Its obvious that Jack is paid by Chevron to promote "their" patented Ni-Mh batteries.

He is probably also paid by Nickel mining industry.....

That's the only way to explain retarded statements from seemingly educated person.


----------



## david85 (Nov 12, 2007)

I can see some of his points, like GM coming in too little too late with EVs. But I don't know what he has against lithium. Maybe he doesn't like the chinese or something?

I'll admit that nickel batteries have not peaked yet and there is some room to grow in terms of performance, but it will be an uphill battle to close the gap with lithium.

Whatever world he is living in, its not the same as mine. I have a ~30kwh lithium battery ready to go right now and I'm NOBODY! Theres no reason why the battery can't be mass produced cost effectively for cars and trucks if bigger companies decided to see the light.

The problems with car makers run pretty deep though. To understand the magnitude of the problem, you need to take apart a few cars that were made over the last 30 years and realize just how little they "evolved" in that time.

I can't prove this, but I suspect that the retooling cost of making motors instead of casting engine blocks would be so high that all of them are trying to stall for time hoping this EV fad just goes away and they can get back to selling us overpriced piston rattlers wrapped in a rusty tin shell. I now believe that detroit no longer has the ability to adapt to this new world. Time will tell, but I won't shed a tear if the motor city falls. Maybe then a real automaker can be founded.


----------



## aeroscott (Jan 5, 2008)

GM need not tool up , plenty of big motor builders , but it gets very cheap to tool if you are big . tooling payback on a big 3 project that my father worked on was 6 months or "we'll do something else " and at that time the stock holders report said they made 3% / year . nothing like good book keepers . the real loss is long term , motors lasting a lifetime , cars might last the normal car buyer 2 or 3 times longer or more . converting old cars is fun ,green and nostalgic .not in the car manufactures model of profitability I get to have high end castoffs . Hummers on solar lithium , not the greenest but light years greener.


----------



## david85 (Nov 12, 2007)

Solar powered hummer, I feel so conflicted!

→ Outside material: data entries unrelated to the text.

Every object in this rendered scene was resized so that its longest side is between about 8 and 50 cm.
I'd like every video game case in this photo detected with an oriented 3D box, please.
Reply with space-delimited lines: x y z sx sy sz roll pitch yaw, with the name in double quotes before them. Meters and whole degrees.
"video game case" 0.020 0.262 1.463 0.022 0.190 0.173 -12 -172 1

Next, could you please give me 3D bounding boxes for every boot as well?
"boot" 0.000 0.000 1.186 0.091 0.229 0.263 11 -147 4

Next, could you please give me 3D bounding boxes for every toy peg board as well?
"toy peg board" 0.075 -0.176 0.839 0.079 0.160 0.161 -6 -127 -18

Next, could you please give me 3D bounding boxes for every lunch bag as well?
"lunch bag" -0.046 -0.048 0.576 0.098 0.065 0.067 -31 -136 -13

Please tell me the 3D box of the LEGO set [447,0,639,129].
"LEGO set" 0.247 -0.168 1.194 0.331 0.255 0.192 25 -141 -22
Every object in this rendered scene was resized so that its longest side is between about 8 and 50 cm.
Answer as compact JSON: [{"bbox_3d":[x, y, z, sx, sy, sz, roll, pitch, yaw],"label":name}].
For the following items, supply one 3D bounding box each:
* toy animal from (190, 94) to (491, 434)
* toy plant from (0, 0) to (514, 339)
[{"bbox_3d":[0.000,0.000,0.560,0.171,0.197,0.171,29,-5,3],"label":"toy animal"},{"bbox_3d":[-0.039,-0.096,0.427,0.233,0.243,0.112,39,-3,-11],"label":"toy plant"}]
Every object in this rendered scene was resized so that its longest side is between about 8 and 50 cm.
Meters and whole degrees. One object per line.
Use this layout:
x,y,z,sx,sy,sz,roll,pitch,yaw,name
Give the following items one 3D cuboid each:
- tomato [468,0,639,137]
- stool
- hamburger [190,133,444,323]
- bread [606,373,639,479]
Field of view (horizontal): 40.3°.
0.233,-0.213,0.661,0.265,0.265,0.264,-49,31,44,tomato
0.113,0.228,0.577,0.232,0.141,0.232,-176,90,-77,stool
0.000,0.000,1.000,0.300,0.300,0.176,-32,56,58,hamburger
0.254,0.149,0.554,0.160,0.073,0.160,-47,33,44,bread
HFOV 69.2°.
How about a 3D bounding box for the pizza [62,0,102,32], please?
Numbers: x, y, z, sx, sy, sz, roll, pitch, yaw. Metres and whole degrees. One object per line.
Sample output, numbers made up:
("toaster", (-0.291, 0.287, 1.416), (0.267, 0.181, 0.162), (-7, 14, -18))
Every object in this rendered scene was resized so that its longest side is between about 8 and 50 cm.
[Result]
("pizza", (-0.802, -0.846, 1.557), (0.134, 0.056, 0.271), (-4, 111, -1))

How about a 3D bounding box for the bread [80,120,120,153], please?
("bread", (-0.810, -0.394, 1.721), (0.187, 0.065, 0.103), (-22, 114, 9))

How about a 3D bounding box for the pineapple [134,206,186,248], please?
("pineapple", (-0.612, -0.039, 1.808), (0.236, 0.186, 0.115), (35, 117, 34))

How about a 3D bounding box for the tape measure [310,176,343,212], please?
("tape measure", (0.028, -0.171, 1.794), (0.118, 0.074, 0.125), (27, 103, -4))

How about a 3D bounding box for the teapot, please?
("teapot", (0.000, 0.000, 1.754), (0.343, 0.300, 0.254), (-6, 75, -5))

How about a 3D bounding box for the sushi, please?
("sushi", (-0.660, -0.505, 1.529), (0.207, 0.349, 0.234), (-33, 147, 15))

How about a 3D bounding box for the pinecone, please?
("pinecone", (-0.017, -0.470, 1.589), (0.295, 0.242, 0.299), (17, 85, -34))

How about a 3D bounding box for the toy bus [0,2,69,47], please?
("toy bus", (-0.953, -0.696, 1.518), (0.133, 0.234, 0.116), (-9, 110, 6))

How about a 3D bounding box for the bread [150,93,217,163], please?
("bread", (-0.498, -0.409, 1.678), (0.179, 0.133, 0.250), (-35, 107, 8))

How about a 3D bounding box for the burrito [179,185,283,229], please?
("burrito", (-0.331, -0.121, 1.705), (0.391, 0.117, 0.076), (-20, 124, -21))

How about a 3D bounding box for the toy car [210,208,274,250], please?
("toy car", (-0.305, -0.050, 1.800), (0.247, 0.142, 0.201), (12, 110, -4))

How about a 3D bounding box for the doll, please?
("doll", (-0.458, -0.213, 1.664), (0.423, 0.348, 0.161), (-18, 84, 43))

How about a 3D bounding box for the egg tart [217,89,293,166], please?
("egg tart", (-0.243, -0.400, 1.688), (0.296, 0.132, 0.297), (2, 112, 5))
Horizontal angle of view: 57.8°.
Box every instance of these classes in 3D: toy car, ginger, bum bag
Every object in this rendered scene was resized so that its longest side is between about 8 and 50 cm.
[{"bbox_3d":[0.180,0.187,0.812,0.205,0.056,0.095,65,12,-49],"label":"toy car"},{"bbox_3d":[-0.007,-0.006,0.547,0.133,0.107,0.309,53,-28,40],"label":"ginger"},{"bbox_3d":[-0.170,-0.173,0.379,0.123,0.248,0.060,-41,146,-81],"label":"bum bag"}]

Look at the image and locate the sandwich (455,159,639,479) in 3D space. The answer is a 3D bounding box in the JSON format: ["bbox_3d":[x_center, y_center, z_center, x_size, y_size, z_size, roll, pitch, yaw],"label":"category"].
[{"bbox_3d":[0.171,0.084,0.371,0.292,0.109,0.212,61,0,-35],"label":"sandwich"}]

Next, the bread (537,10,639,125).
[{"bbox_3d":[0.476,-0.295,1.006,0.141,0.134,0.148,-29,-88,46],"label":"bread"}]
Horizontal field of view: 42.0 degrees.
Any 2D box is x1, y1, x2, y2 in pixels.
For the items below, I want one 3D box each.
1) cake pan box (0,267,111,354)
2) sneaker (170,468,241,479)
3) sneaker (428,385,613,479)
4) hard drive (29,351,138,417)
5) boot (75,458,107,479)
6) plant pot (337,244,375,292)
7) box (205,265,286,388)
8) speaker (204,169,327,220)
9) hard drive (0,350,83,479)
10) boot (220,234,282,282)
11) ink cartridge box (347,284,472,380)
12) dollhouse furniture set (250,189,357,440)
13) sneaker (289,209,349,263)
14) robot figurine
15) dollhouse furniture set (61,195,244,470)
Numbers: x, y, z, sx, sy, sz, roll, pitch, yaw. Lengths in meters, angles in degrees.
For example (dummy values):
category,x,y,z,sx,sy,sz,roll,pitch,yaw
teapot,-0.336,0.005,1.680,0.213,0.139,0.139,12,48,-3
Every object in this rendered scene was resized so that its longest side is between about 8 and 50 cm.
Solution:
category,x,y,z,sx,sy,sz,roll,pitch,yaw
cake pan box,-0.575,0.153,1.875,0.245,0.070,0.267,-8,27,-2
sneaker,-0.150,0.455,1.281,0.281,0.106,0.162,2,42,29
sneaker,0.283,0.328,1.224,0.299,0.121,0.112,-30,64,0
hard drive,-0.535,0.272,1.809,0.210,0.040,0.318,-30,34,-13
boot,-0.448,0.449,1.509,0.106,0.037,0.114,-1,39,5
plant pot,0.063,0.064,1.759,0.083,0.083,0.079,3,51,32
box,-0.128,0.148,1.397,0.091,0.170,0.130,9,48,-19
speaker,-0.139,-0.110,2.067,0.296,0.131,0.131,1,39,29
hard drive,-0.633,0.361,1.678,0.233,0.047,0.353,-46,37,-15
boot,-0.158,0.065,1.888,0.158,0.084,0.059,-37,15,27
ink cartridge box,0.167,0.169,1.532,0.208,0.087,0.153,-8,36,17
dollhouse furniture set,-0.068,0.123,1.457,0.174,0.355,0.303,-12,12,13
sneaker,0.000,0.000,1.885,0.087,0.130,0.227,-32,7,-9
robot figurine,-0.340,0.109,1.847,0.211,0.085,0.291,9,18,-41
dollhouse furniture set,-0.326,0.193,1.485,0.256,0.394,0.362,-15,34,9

The truth is cars are treated like big shiny expensive newspapers. Practically use and throw away. So many new cars every year only to rust away like all that came before. I have many problems with how cars are made and what powers them is only the start of my grievance with "modern" cars.

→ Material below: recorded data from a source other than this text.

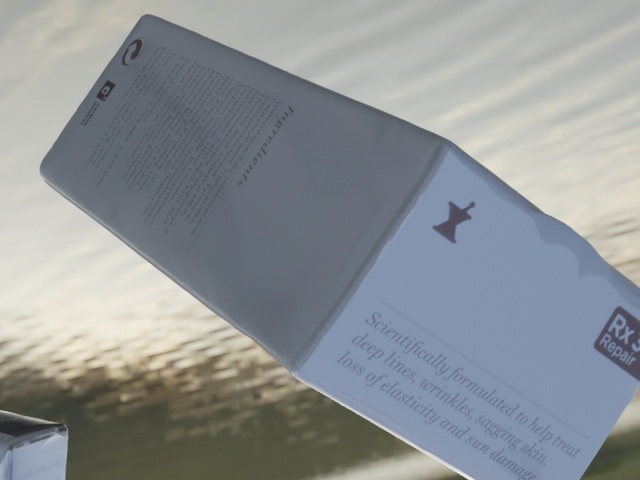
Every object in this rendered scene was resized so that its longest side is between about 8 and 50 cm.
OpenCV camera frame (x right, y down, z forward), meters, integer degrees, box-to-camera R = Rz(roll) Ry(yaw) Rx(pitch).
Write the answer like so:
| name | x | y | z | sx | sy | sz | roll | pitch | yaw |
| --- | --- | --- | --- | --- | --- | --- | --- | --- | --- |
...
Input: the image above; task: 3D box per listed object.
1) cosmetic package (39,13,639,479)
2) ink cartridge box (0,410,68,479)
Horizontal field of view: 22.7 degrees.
| name | x | y | z | sx | sy | sz | roll | pitch | yaw |
| --- | --- | --- | --- | --- | --- | --- | --- | --- | --- |
| cosmetic package | 0.000 | 0.000 | 0.556 | 0.117 | 0.085 | 0.231 | 34 | 180 | -31 |
| ink cartridge box | -0.284 | 0.231 | 0.915 | 0.304 | 0.307 | 0.072 | 9 | -171 | 29 |
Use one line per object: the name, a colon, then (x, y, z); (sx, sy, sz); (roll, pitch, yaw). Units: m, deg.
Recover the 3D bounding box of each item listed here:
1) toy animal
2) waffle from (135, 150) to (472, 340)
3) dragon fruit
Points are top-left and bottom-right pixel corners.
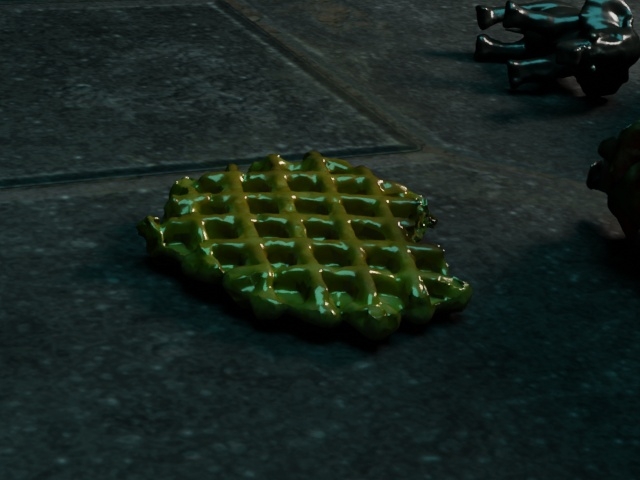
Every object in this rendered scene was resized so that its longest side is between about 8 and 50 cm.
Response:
toy animal: (0.272, -0.234, 1.809); (0.146, 0.114, 0.245); (1, 26, -14)
waffle: (0.000, -0.002, 1.311); (0.291, 0.051, 0.291); (5, 27, -3)
dragon fruit: (0.331, -0.051, 1.384); (0.182, 0.182, 0.188); (-4, 46, -25)
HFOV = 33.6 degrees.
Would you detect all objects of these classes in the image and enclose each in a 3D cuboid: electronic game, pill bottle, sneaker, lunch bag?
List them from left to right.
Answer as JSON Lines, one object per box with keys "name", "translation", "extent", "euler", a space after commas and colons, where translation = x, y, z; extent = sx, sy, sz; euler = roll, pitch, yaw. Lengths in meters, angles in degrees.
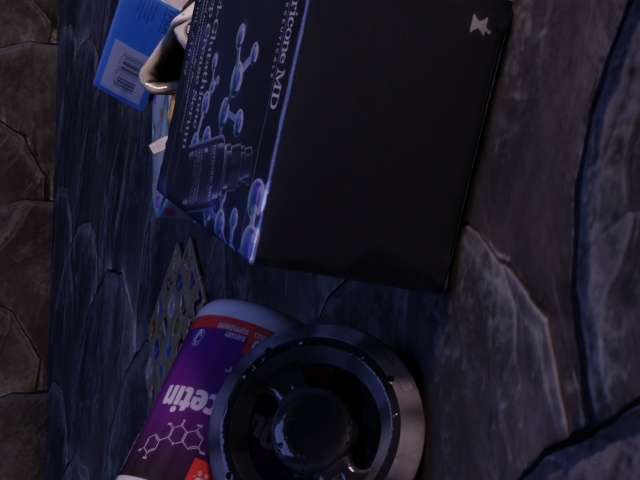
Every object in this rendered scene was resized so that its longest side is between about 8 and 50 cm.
{"name": "lunch bag", "translation": [-0.221, -0.182, 1.794], "extent": [0.224, 0.108, 0.279], "euler": [122, 150, -55]}
{"name": "pill bottle", "translation": [-0.116, 0.239, 1.196], "extent": [0.181, 0.181, 0.323], "euler": [-34, 29, 61]}
{"name": "sneaker", "translation": [-0.120, -0.295, 1.444], "extent": [0.330, 0.146, 0.122], "euler": [-38, 89, 31]}
{"name": "electronic game", "translation": [-0.006, 0.194, 1.074], "extent": [0.048, 0.229, 0.229], "euler": [51, -147, -63]}

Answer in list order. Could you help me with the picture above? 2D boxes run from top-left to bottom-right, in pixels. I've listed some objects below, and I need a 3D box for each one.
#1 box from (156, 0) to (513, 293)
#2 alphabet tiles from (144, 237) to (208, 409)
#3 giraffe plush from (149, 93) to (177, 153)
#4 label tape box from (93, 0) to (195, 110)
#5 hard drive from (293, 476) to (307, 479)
{"name": "box", "translation": [-0.009, -0.141, 1.143], "extent": [0.395, 0.212, 0.293], "euler": [-150, 71, -65]}
{"name": "alphabet tiles", "translation": [-0.265, 0.178, 1.916], "extent": [0.285, 0.011, 0.342], "euler": [-111, 36, -48]}
{"name": "giraffe plush", "translation": [-0.120, -0.112, 1.497], "extent": [0.170, 0.210, 0.181], "euler": [79, 179, -58]}
{"name": "label tape box", "translation": [-0.267, -0.437, 1.936], "extent": [0.249, 0.115, 0.347], "euler": [-59, 3, 44]}
{"name": "hard drive", "translation": [0.003, 0.411, 1.144], "extent": [0.339, 0.064, 0.236], "euler": [-171, 88, -66]}
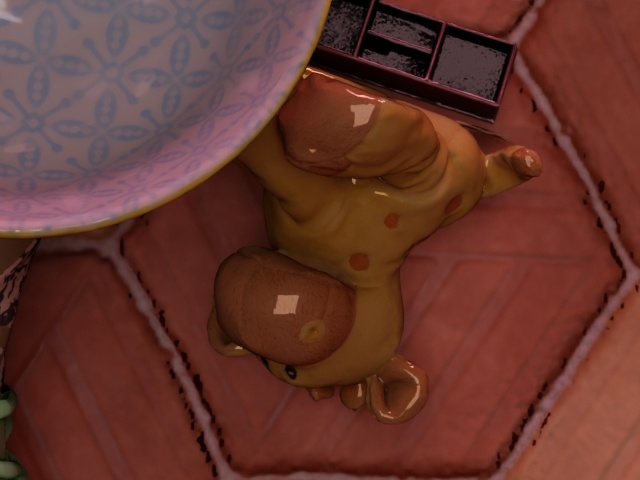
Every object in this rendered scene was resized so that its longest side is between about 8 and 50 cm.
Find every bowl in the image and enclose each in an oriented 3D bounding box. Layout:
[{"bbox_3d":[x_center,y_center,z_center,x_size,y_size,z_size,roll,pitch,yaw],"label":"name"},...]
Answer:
[{"bbox_3d":[-0.147,-0.135,0.854,0.289,0.156,0.289,2,83,-13],"label":"bowl"}]

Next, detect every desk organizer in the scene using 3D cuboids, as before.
[{"bbox_3d":[0.044,-0.110,1.012,0.130,0.050,0.047,18,86,2],"label":"desk organizer"}]

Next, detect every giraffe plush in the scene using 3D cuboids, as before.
[{"bbox_3d":[0.000,0.000,0.968,0.210,0.181,0.170,16,97,-33],"label":"giraffe plush"}]

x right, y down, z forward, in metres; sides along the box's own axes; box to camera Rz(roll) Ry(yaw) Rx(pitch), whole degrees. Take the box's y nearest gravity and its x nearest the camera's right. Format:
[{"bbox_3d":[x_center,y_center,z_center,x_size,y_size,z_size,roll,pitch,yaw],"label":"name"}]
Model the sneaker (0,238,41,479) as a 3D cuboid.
[{"bbox_3d":[-0.202,0.140,0.963,0.182,0.158,0.410,28,93,-8],"label":"sneaker"}]

Another thing to consider is just how much of the auto industry is now decentralized. Magna is a company you may or may not have heard of, but they are basically an all canadian parts jobber. They have grown so large and powerful that they are building a huge portion of the autoparts, but can also assemble ready made cars. Makes you wonder why they are still working for some one else?

Like most parts jobbers they are firmly rooted in conventional vehicle technology. Its not just the brand name that would have to retool, it a complete industry consisting of many independant companies. I think there is a very real possibility that many would not be able to stay relavent in an era of electric cars.

Call me heartless, but I couldn't care less. They had a good run and its time to move on. Cars that are built for only a 10 service life is not good enough. Rusty carbon steel is not good enough. 20% peak efficiency is far from good enough.


----------



## engineer_Bill (Jun 24, 2008)

There are currently companies, (parts jobbers) that product parts for the lectric forklift, and industrial uses. If electric cars became mainstream they would have a great new market for high powered electric motors and controllers, and the piston rattlers would have to find another niche. A historical example would be carriage makers and steam engine makers, that adapted to become the car makers of today.


----------



## david85 (Nov 12, 2007)

engineer_Bill said:


> There are currently companies, (parts jobbers) that product parts for the lectric forklift, and industrial uses. If electric cars became mainstream they would have a great new market for high powered electric motors and controllers, and the piston rattlers would have to find another niche. A historical example would be carriage makers and steam engine makers, that adapted to become the car makers of today.


I won't argue with you, but when you look at how much trouble they go through to avoid even making their own prototypes, it makes me wonder if they have some sort of allergic reaction on contact with EVs.

The EV1 was mostly made by aerovironment (GM just paid for it, then fucked it up), the ford focus EV was done by magna, the recent chrysler EVs that went to washington was done by a high end conversion shop completely independent of Chrysler. The ford ranger EV was also done as a glider conversion by a 3rd party.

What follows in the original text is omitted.